Transsyndesmotic ankle injuries lead to high rates of post-traumatic arthritis, despite appropriate methods of fixation. Current treatment involves syndesmotic screws or suture button fixation. Deltoid ligament repair has been considered an additional treatment option. The purpose of this study was to understand the role of the deltoid ligament in the context of syndesmotic instability, and the effect of deltoid ligament repair on ankle and syndesmotic biomechanics in a cadaveric model. Deltoid ligament repair in isolation was additionally compared to current fixation methods.

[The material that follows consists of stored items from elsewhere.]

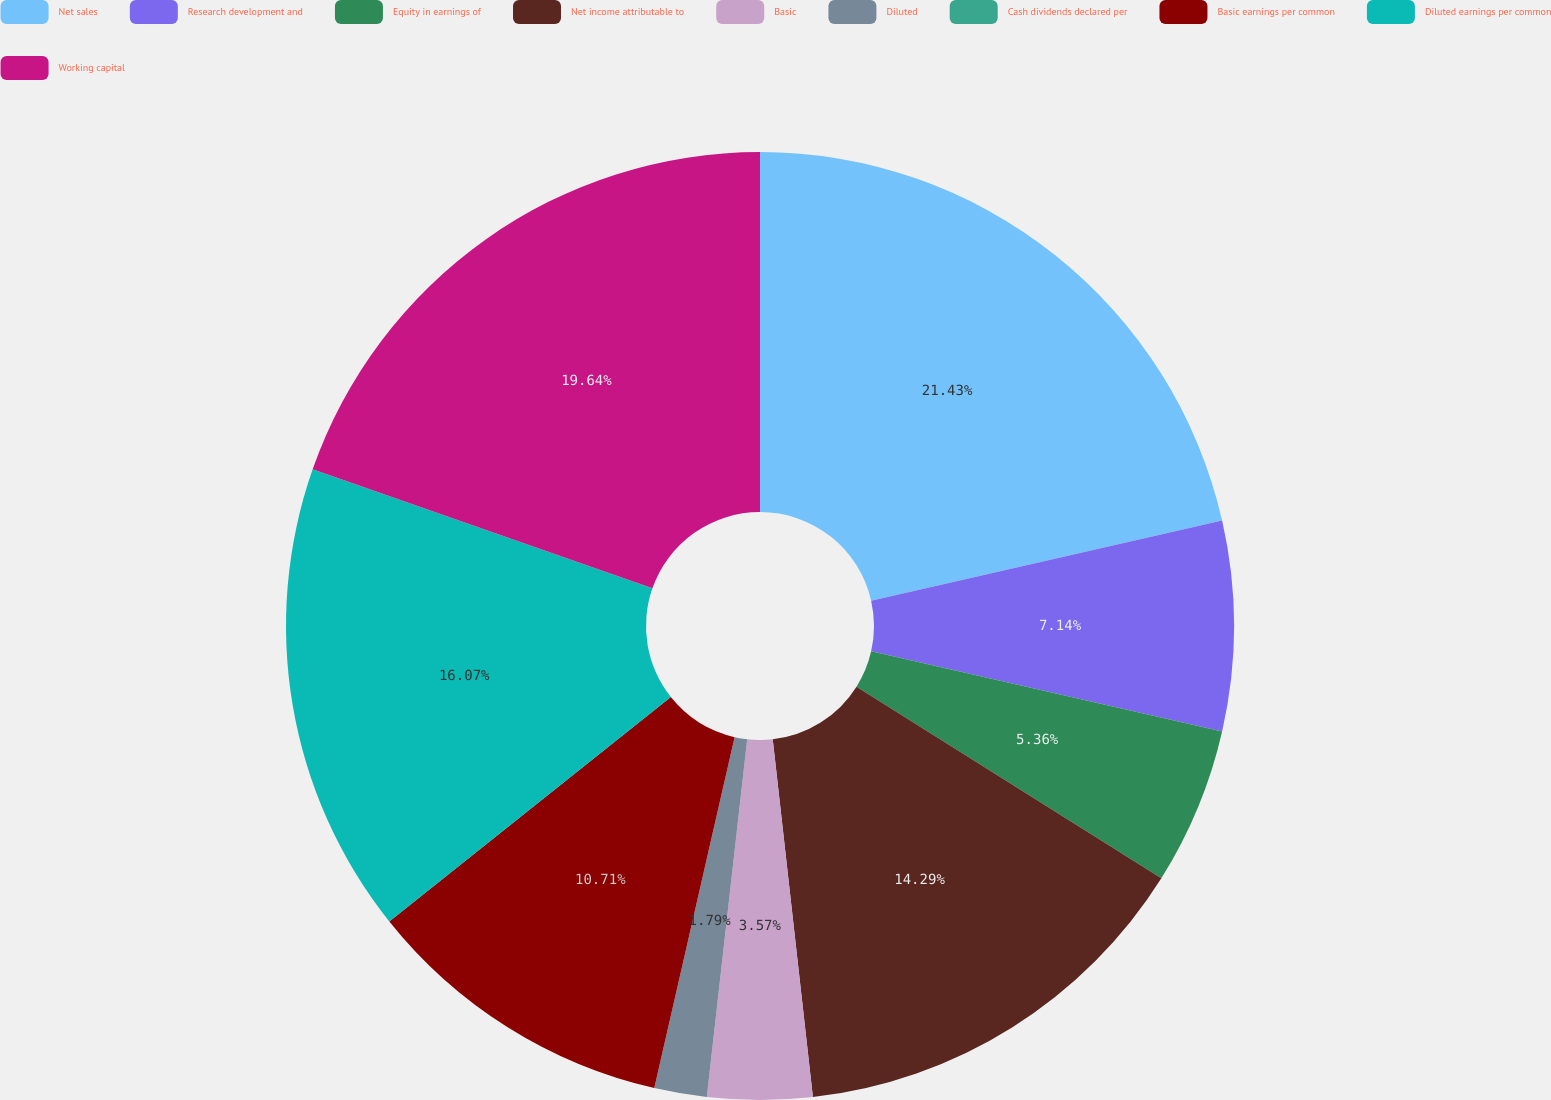Convert chart to OTSL. <chart><loc_0><loc_0><loc_500><loc_500><pie_chart><fcel>Net sales<fcel>Research development and<fcel>Equity in earnings of<fcel>Net income attributable to<fcel>Basic<fcel>Diluted<fcel>Cash dividends declared per<fcel>Basic earnings per common<fcel>Diluted earnings per common<fcel>Working capital<nl><fcel>21.43%<fcel>7.14%<fcel>5.36%<fcel>14.29%<fcel>3.57%<fcel>1.79%<fcel>0.0%<fcel>10.71%<fcel>16.07%<fcel>19.64%<nl></chart> 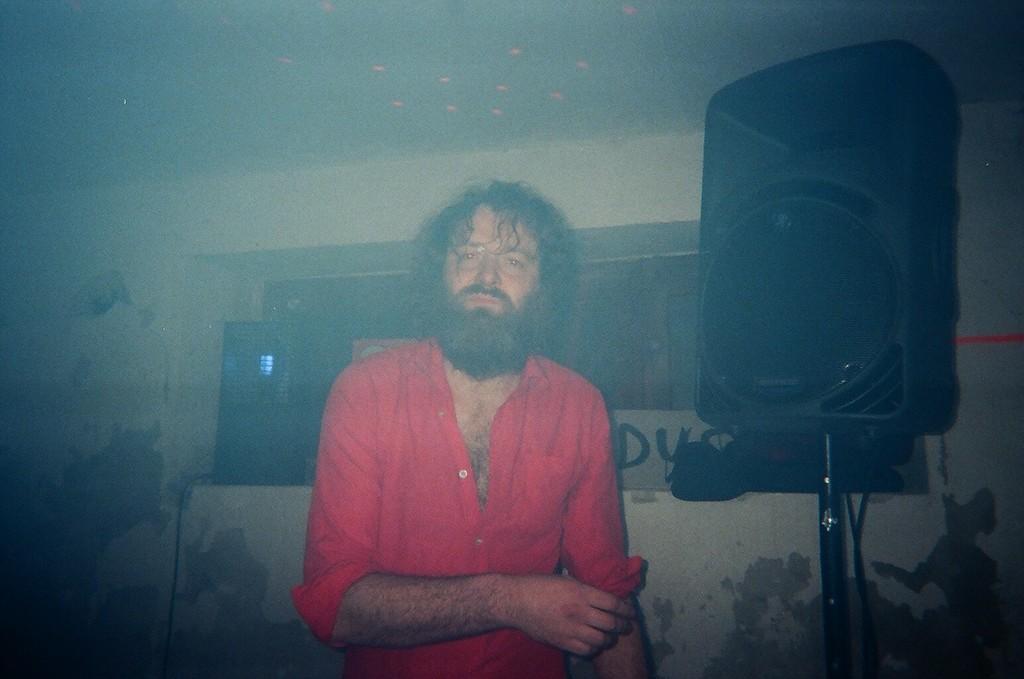In one or two sentences, can you explain what this image depicts? In the image there is a man he is wearing red shirt and there is a speaker beside him and in the background there is a wall and there are few windows in between the wall. 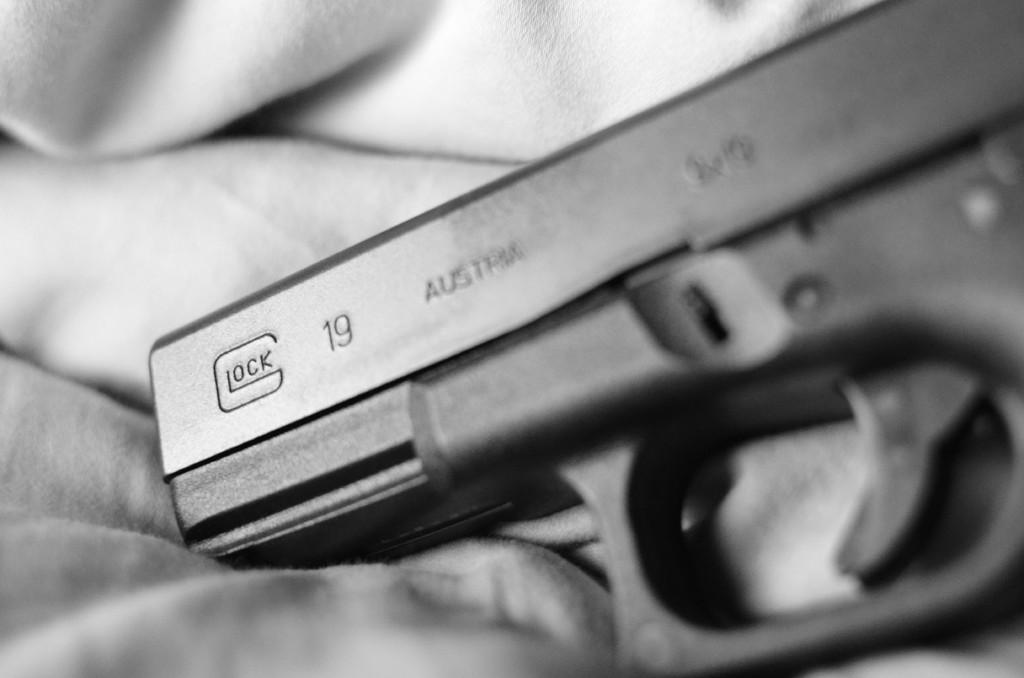What is the main object in the center of the image? There is a pistol in the center of the image. How many planes are flying in the background of the image? There is no background or planes mentioned in the image; it only features a pistol in the center. What type of system is being used to operate the pistol in the image? The image does not provide any information about a system or how the pistol is being operated. 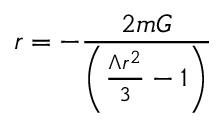<formula> <loc_0><loc_0><loc_500><loc_500>r = - \frac { 2 m G } { \left ( \frac { \Lambda r ^ { 2 } } { 3 } - 1 \right ) }</formula>

The deltoid ligament serves as an indirect stabilizer of the syndesmosis in flexion and rotation. Sectioning the deltoid ligament destabilizes the tibiotalar joint, leading to increased ankle motion and decreased stiffness. Deltoid ligament repair reduces rotational tibiotalar motion and is equivalent to screw fixation. Combined deltoid ligament repair and syndesmotic screw fixation is the most biomechanically stable construct. The clinical implications of deltoid ligament repair require further study.

Summary for Lay Audience

Transsyndesmotic ankle injuries are an injury pattern which often leads to posttraumatic, arthritis despite using appropriate repair methods such as syndesmotic screws or suture button fixation. An increased number of orthopaedic surgeons are considering repairing the deltoid ligament, a main stabilizer of the ankle joint. The purpose of this thesis was to understand the contribution of the deltoid ligament in these types of injuries and how its repair compares to traditional fixation options. A systematic review of the current literature, and a cadaveric biomechanical analysis were used to explore the role of the deltoid ligament and its repair in transsyndesmotic injuries. The deltoid ligament was found to be an indirect stabilizer of the syndesmosis in flexion and rotation of the ankle. Sectioning the deltoid ligament destabilizes the tibiotalar joint, leading to more ankle motion and decreased stiffness. Deltoid ligament repair provides similar biomechanical stability when compared to syndesmotic screw fixation. Combined deltoid ligament repair and syndesmotic screw fixation is the most biomechanically stable construct.